Task statement: Go to the line that contains "1. small box from (571, 410) to (897, 713)" in the records below and repeat it, and each line after it, exactly through the end, omitting pictures.

Records supplied:
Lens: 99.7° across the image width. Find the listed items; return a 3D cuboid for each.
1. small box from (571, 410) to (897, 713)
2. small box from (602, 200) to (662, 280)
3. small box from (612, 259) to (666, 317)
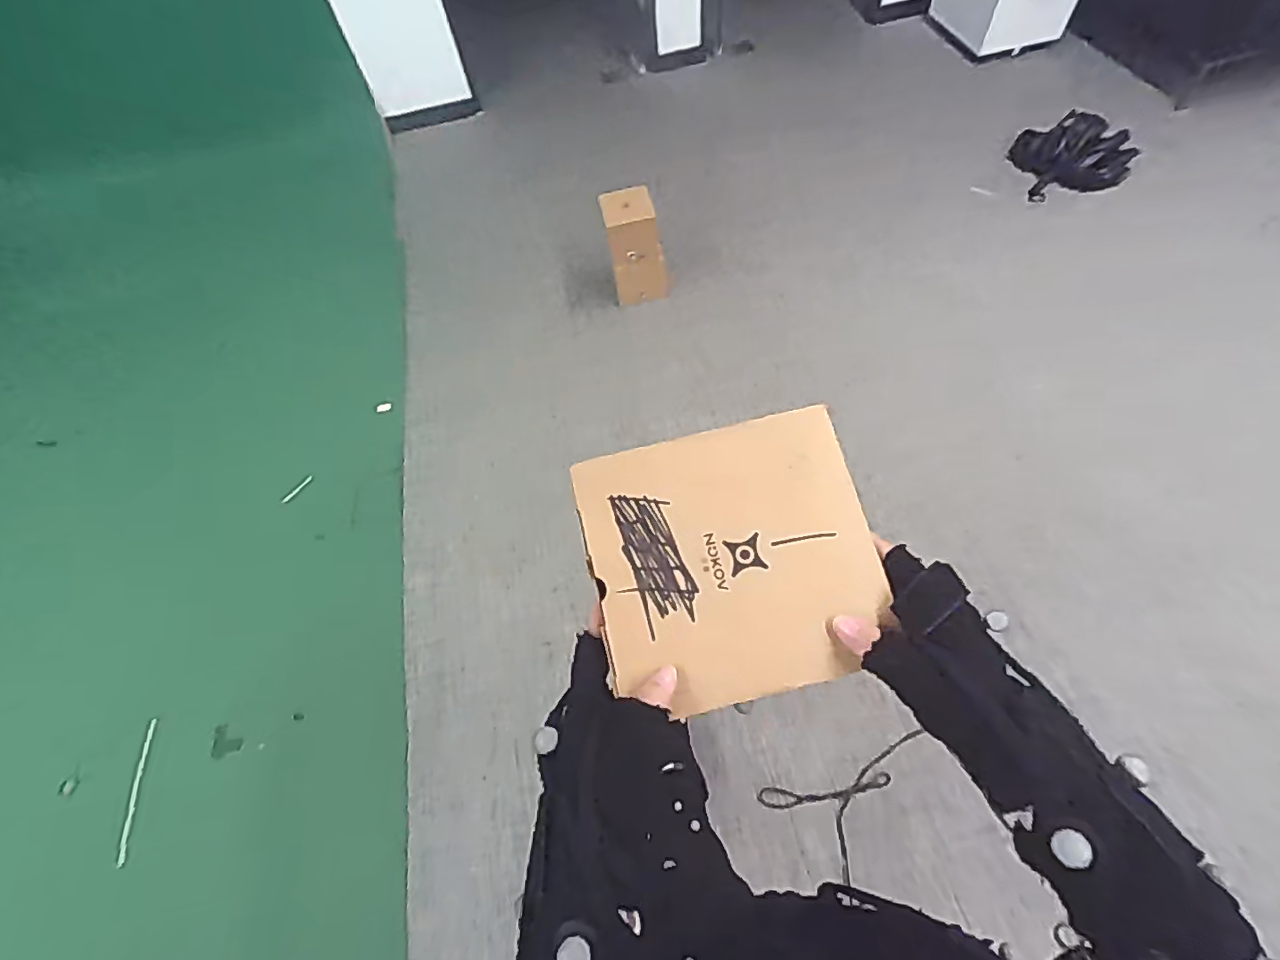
[{"bbox_3d":[0.057,0.068,0.421,0.179,0.176,0.168,-13,75,-2],"label":"small box"},{"bbox_3d":[-0.027,-0.813,1.839,0.168,0.176,0.179,-13,60,1],"label":"small box"},{"bbox_3d":[-0.002,-0.722,1.973,0.179,0.176,0.168,-11,58,-1],"label":"small box"}]

Completed task:
1. small box from (571, 410) to (897, 713)
2. small box from (602, 200) to (662, 280)
3. small box from (612, 259) to (666, 317)
[{"bbox_3d":[0.057,0.068,0.421,0.179,0.176,0.168,-13,75,-2],"label":"small box"},{"bbox_3d":[-0.027,-0.813,1.839,0.168,0.176,0.179,-13,60,1],"label":"small box"},{"bbox_3d":[-0.002,-0.722,1.973,0.179,0.176,0.168,-11,58,-1],"label":"small box"}]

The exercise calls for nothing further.